1
PharmaSUG 2013 - Paper CC30
Useful Tips for Handling and Creating Special Characters in SAS®
Bob Hull, SynteractHCR, Inc., Carlsbad, CA
Robert Howard, Veridical Solutions, Del Mar, CA
ABSTRACT
This paper will discuss various ways of creating and dealing with special characters in SAS. Many people experience
difficulty when reading in excel files and discover that strange "boxes" appear in the data. What these are and how
they can be dealt with will be discussed. Can special characters be saved in the SAS program? How can these
characters be typed if they aren’t on the keyboard? We will also provide examples on how to include special
characters like Greek letters (μ), less than or equal to (), and registered trademark (®) into your SAS programs and
RTF output. This paper will help you better understand some ways that special characters can be used within SAS.
INTRODUCTION
It can be said that the relationship between "special characters" and SAS is a tenuous one. Sometimes problems or
errors are encountered when trying to read in external data or even when simply accessing SAS datasets which have
variables containing special characters. As a result, either the file cannot be accessed or unrecognizable characters
appear.
After having to solve some real-life problems, we decided it would be best to summarize some of our solutions for
handling these issues. In this paper, we'll first look at some solutions for reading in data containing special characters
and look at some examples. Next, we'll go over some tricks for writing out special characters to either your SAS
output or RTF files.
READING IN SPECIAL CHARACTERS
By looking at a few examples, we will provide practical solutions for handling issues caused by reading in data
containing special characters.
UNICODE DATA ERROR WHEN READING IN SAS DATASETS
When reading in SAS datasets it’s possible that special characters will prevent you from being able to use the data.
Have you seen this transcoding error in your log?
ERROR: Some character data was lost during transcoding in the dataset DB.LABS. Either the data contains
characters that are not representable in the new encoding or truncation occurred during transcoding.
The data has Unicode characters in it and your SAS session is not set up for Unicode even though it appears the
same as other SAS datasets. Unicode allows for different languages that became available beginning in Version
9.1.3. See the Recommended Reading section for more info on Unicode from SAS.

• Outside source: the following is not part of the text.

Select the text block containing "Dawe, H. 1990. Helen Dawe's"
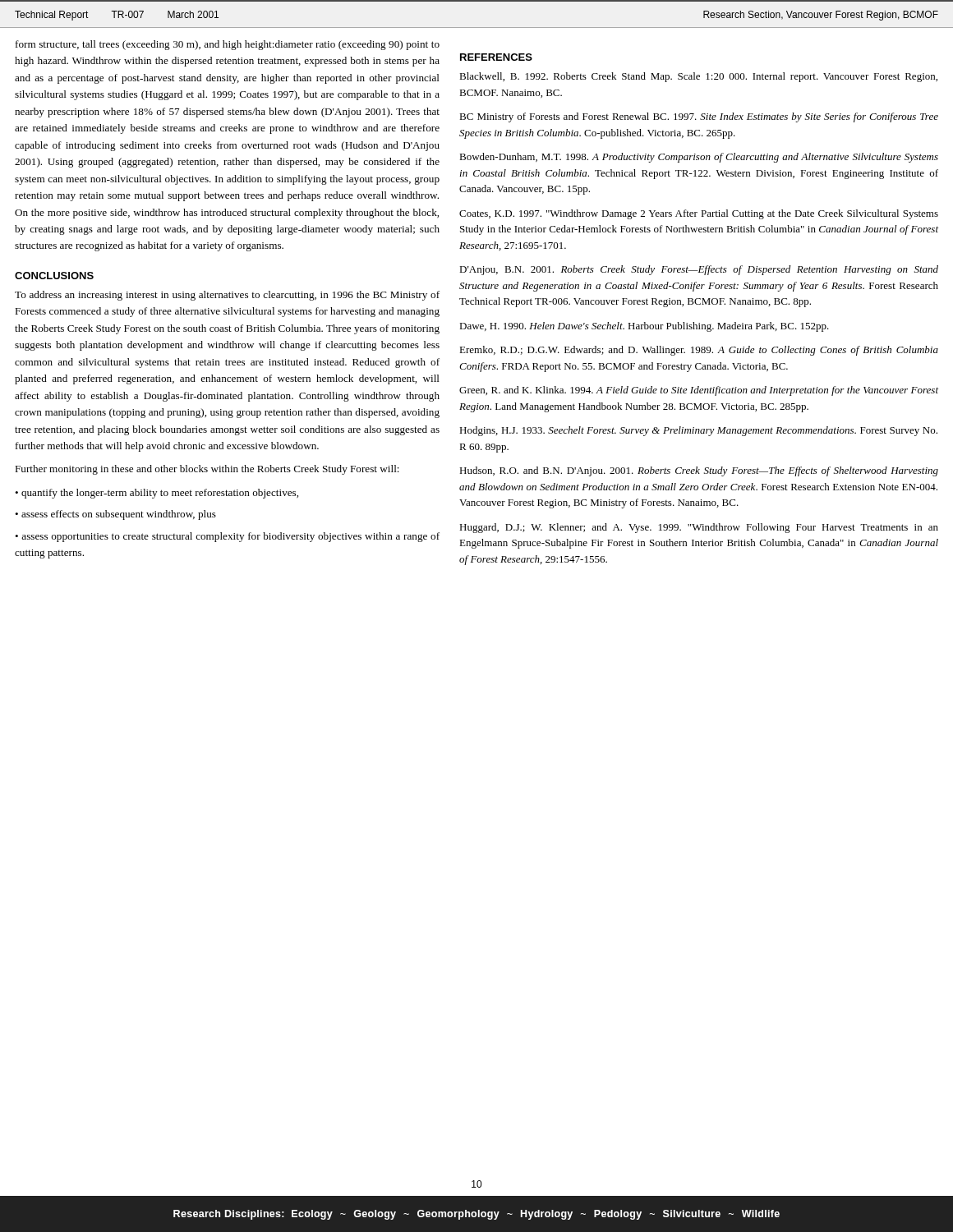The image size is (953, 1232). tap(644, 325)
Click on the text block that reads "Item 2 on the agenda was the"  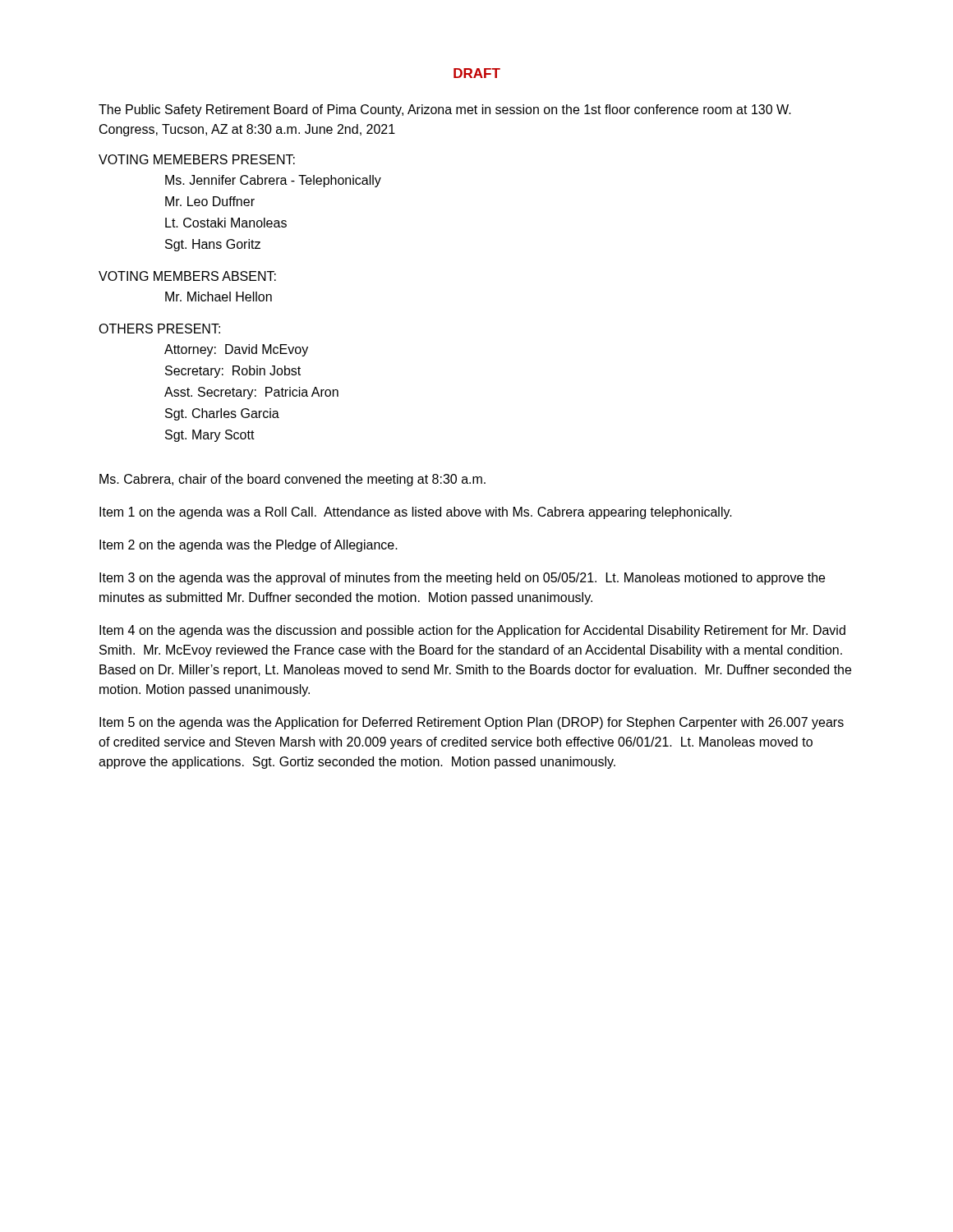pyautogui.click(x=248, y=545)

The ideal solution is to read in the data using SAS with Unicode support. In doing so, the special characters will show
up correctly. However, if that is not available then you will be able to successfully read in the data using the following
code:
data temp;
set db.labs (encoding='asciiany');
run;
However, while we're now able to access the data, closer inspection reveals that the special characters appear in one
of the variables (CUTOFF) which was the root of the problem. The Greek letter "μ" has been converted to " Î ¼".

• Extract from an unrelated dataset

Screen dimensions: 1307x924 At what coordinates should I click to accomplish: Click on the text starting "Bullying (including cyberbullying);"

See Output 1 below for an example of how these values may appear.
Output 1. In this example the data is read in, but the Greek letter "μ" is converted to something indiscernible.
Useful Tips for Handling and Creating Special Characters in SAS®, continued
2
We can access a list of all available values in the current SAS session and their corresponding SAS byte value by
executing the following code and looking at the log. Output 2 is a condensed screenshot of the log which has
isolated three special characters of interest.
data _null_;
do k=1 to 255;
x=byte(k);
put k +10 x;
end;
run;
Output 2.
A screenshot of the log which isolates the special
characters Î and ¼.
From the log, we can see that the byte codes 206 and 188 should be converted to a "μ", which we can see is
identified as byte 181. In order to correctly display the value, we can use the byte function and tranwrd function to
replace the special characters with the following code:
data temp;
set db.labs (encoding='asciiany');
cutoff=tranwrd(cutoff,byte(206),' ');
cutoff=tranwrd(cutoff,byte(188),byte(181));
run;
The updated variable will now appear with the correct value. See Output 3 below.

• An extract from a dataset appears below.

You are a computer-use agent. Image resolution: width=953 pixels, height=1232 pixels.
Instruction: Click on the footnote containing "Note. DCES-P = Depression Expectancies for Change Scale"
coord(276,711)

Output 3: After transforming the special characters, the data and values can be used.
If the character attempting to be read in is not available in the list of 255, then the final solution may not work out as
nicely as this situation did. However, the “asciiany” method will still enable you to at least read the data in and work
with it, replacing the undesired value with something resembling what you need.
READING IN DATA FROM EXCEL
When reading special characters in from excel using SAS you may get unexpected results. Consider the following
data in Excel, which is then read into SAS using proc import in Table 1 below.
Original Excel file
SAS output after proc import
Table 1.
Side-by-side comparison of original Excel file with character returns
in cell A5 and resulting SAS dataset created using proc import.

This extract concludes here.